Post-Adoption Resources

Many adoptive parents find it important to find support after the adoption. There are many public and private nonprofit post-adoption services available for children and their families. There are also numerous adoptive family support groups and adoptee organizations active in the United States that provide a network of options for adoptees who seek out other adoptees from the same country of origin. Take advantage of all the resources available to your family, whether it is another adoptive family, a support group, an advocacy organization, or your religious or community services. Your primary provider can provide or point you to post- placement/post-adoption services to help your adopted child and your family transition smoothly and deal effectively with the many adjustments required in an intercountry adoption. 
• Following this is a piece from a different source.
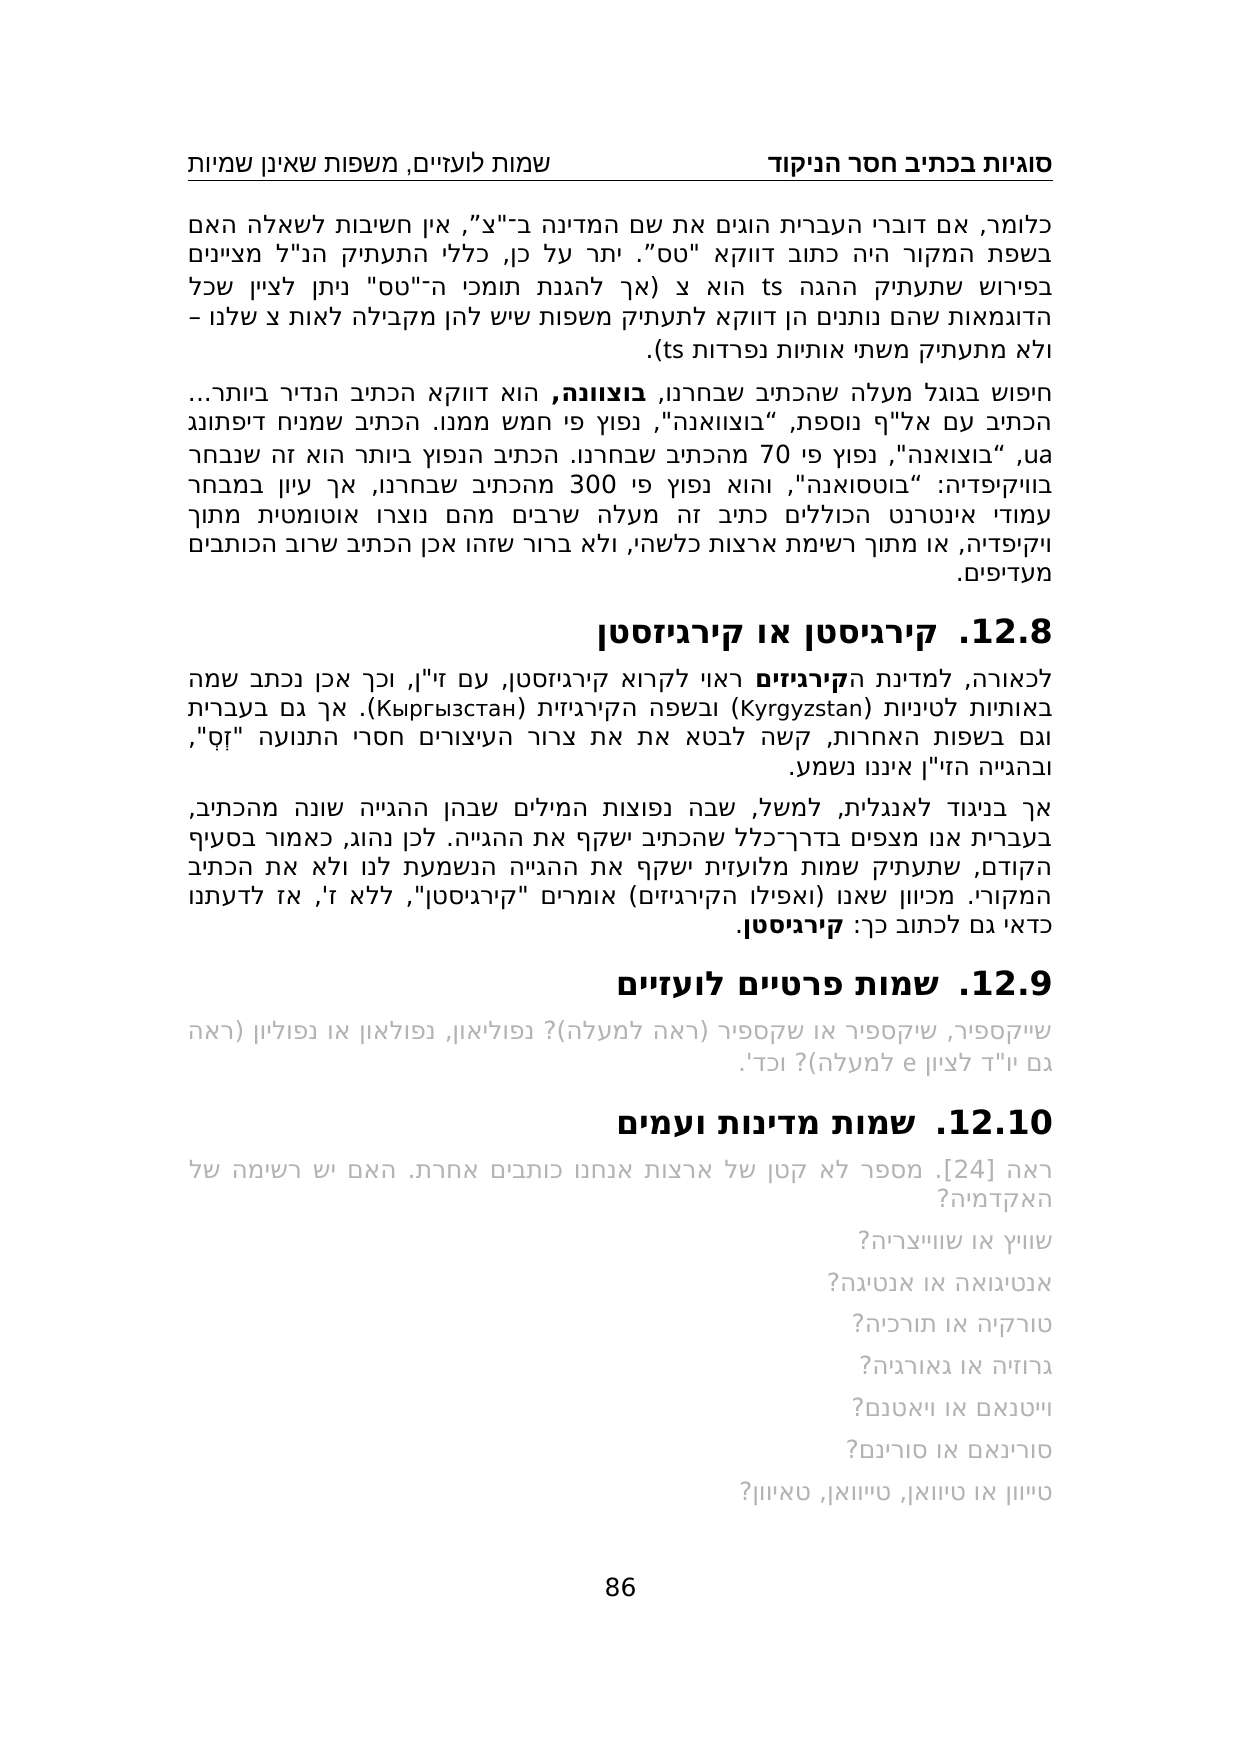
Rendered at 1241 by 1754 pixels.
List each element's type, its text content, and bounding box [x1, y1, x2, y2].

Here are some places to start your support group search:

Note: Inclusion of non-U.S. government links does not imply endorsement of contents.

Complaints

If you have concerns about your adoption process, we ask that you share this information with the Embassy in Asmara, particularly if it involves possible fraud or misconduct specific to your child’s case. The Department of State takes all allegations of fraud or misconduct seriously. Our Adoption Comment Page provides several points of contact for adoptive families to comment on their adoption service provider, their experience applying for their child’s visa, or about the Form I-600 petition process.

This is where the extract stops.